Important Information

Terms

  • Matrix convertible object - a data frame, matrix, file name (to read from), a numeric column vector, or a Mat object.
  • List of matrix convertible objects - a list of matrix convertible objects, a character vector of file names (to read from), or a single matrix convertible object.
  • Standard output file - a character vector of file names matching the length of the inputs, or NULL to return the output. If a single input, not in a list, was provided, the output will not be in a list.
  • Join - an inner join means only rows that match in both matrices are kept, a left join means all rows in the left matrix are kept, a right join means all rows in the right matrix are kept.

File Types

All files can be optionally compressed with gzip, rdata files are assumed to be compressed without looking for a .gz file extension (as is the standard in R).

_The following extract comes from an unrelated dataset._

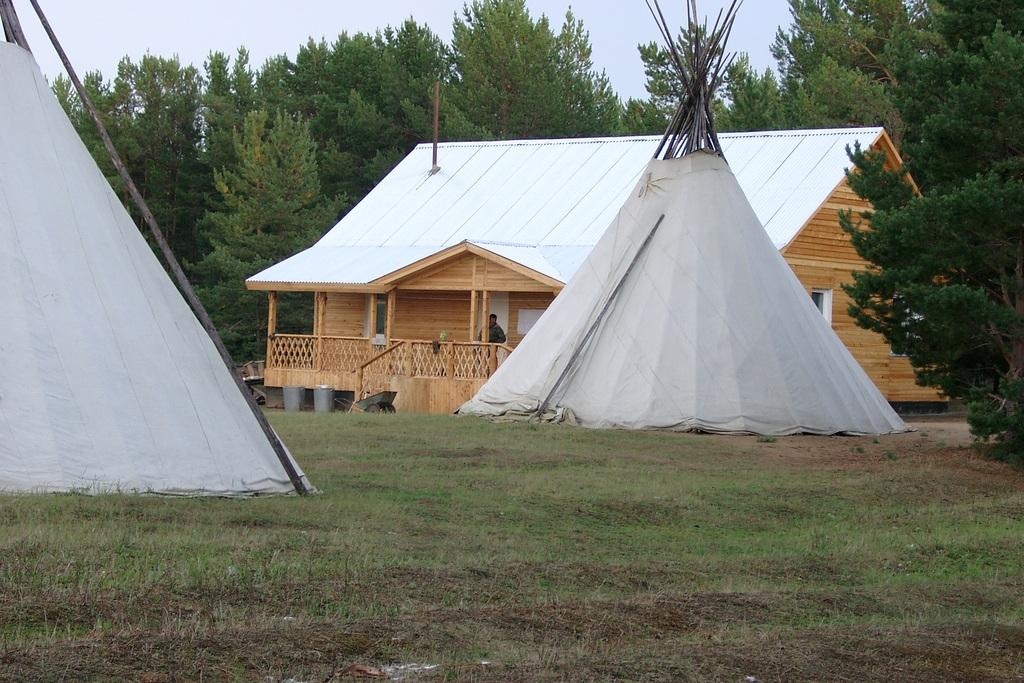What is the main structure in the center of the image? There is a shed in the center of the image. Who or what is inside the shed? A man is standing in the shed. What type of temporary shelters can be seen at the bottom of the image? There are tents at the bottom of the image. What can be seen in the background of the image? There are trees and the sky visible in the background of the image. What type of engine is being repaired by the police in the image? There is no police or engine present in the image. How many potatoes are visible in the image? There are no potatoes present in the image.

  • .mat (recommended, custom binary format designed for matrices)
  • .csv (requires column headers)
  • .tsv (requires column headers)
  • .txt (requires column headers)
  • .json
  • .cbor
  • .rkyv
  • .rdata
  • .rds
  • .bed (requires a corresponding .bim and .fam file, lmutils does not support writing to .bed files)

Introduction

lmutils is an R package that provides utilities for working with matrices and data frames. It is built on top of the Rust programming language for performance and safety. The package provides a way to store matrices in memory and perform operations on them, as well as functions for working with data frames.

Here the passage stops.